ROC curve value in this case:
auc(fpr, tpr) # result 0.9076923076923078
According to the evaluation standard of general ROC curve, the performance result of the case is good:
- 0.90 - 1.00 = excellent
- 0.80 - 0.90 = good
- 0.70 - 0.80 = fair
- 0.60 - 0.70 = poor
- 0.50 - 0.60 = fail
Supplementary knowledge: evaluation index of classifier
Considering a binary classification, the categories are 1 and 0. We regard 1 and 0 as positive and negative respectively. According to the actual results and predicted results, there are four final results. The table is as follows:

Common evaluation indicators:
1. ACC: classification accuracy, which describes the classification accuracy of the classifier
The calculation formula is: ACC=(TP+TN)/(TP+FP+FN+TN)
2,BER: balanced error rate
The calculation formula is: BER=1/2*(FPR+FN/(FN+TP))
3. TPR: true positive rate, which describes the proportion of all positive cases identified in all positive cases
The calculation formula is: TPR=TP/ (TP+ FN)
4. FPR: false positive rate, which describes the proportion of identifying negative cases as positive cases in all negative cases
The calculation formula is: FPR= FP / (FP + TN)
5. TNR: true negative rate, which describes the proportion of identified negative cases in all negative cases
The calculation formula is: TNR= TN / (FP + TN)
6,PPV: Positive predictive value
The calculation formula is: PPV=TP / (TP + FP)
7,NPV: Negative predictive value
Calculation formula: NPV=TN / (FN + TN)
Where TPR is sensitivity and TNR is specificity.

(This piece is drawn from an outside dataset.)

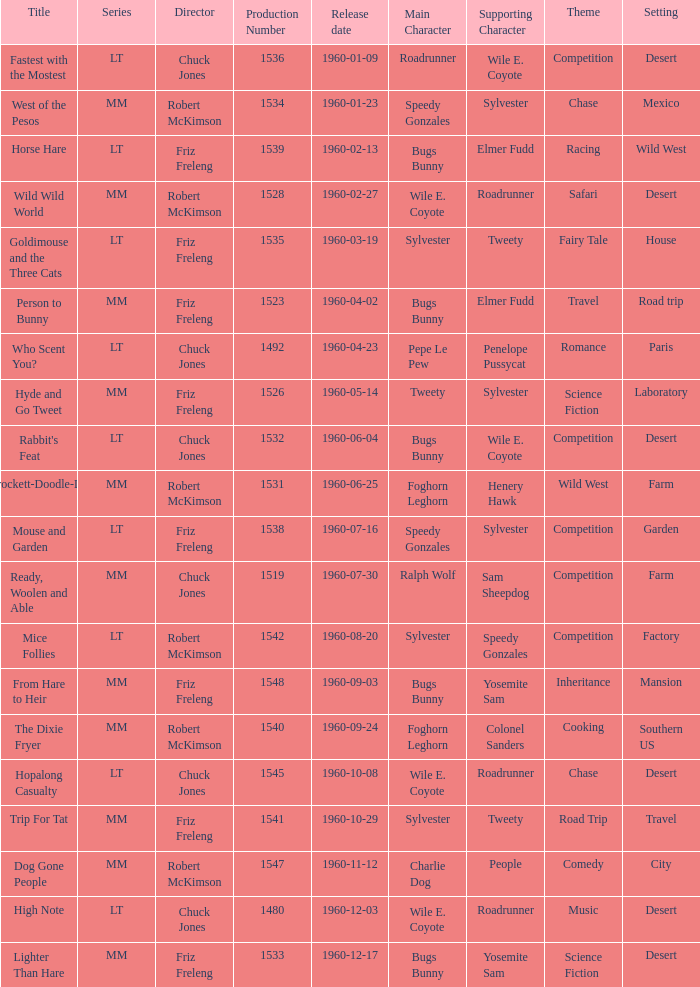What is the production number of From Hare to Heir? 1548.0. 
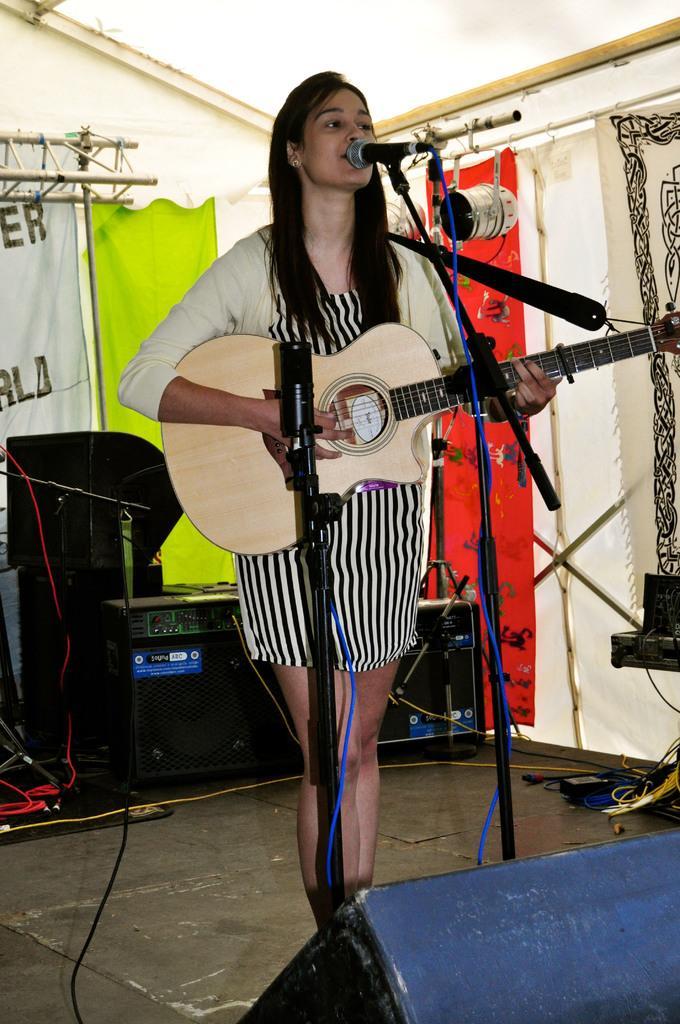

Classic graphics from Wikipedia:

Interpretability
Permutation Importance
The following is about the interpretability of the results of the machine learning model. The first is the importance of each variable to the model. Permutation Importance:

Partial dependency plots (PDP)
One dimensional PDP
Partial dependency is used to explain the relationship between a feature and the target value y, which is generally reflected by drawing a partial dependency plot (PDP). In other words, the value of PDP in X1 is the average value predicted by the original model after changing the first variable in the training set to x1.
Key: view the relationship between individual features and target values
Field ca
base_features = df.columns.values.tolist() base_features.remove("target") feat_name = 'ca' # ca-num_major_vessels original pdp_dist = pdp.pdp_isolate( model=rf, # Model dataset=X_test, # Test set model_features=base_features, # Characteristic variables; Remove target value feature=feat_name # Specify a single field ) pdp.pdp_plot(pdp_dist, feat_name) # Pass in two parameters plt.show()
Through the following graph, we observed that when the ca field increased, the risk of disease decreased. The meaning of ca field is num_major_vessels, which means that when the number of vessels increases, the prevalence decreases

Field age
feat_name = 'age' pdp_dist = pdp.pdp_isolate( model=rf, dataset=X_test, model_features=base_features, feature=feat_name) pdp.pdp_plot(pdp_dist, feat_name) plt.show()
For the age field, the description of the original text:
That's a bit odd. The higher the age, the lower the chance of heart disease? Althought the blue confidence regions show that this might not be true (the red baseline is within the blue zone).
This is a little strange. The older you are, the lower your risk of heart disease? Although the blue confidence interval indicates that this may not be true (the red baseline is in the blue area)

Field oldpack
feat_name = 'oldpeak' pdp_dist = pdp.pdp_isolate( model=rf, dataset=X_test, model_features=base_features, feature=feat_name) pdp.pdp_plot(pdp_dist, feat_name) plt.show()
The oldpack field also indicates that the higher the value, the lower the risk of disease.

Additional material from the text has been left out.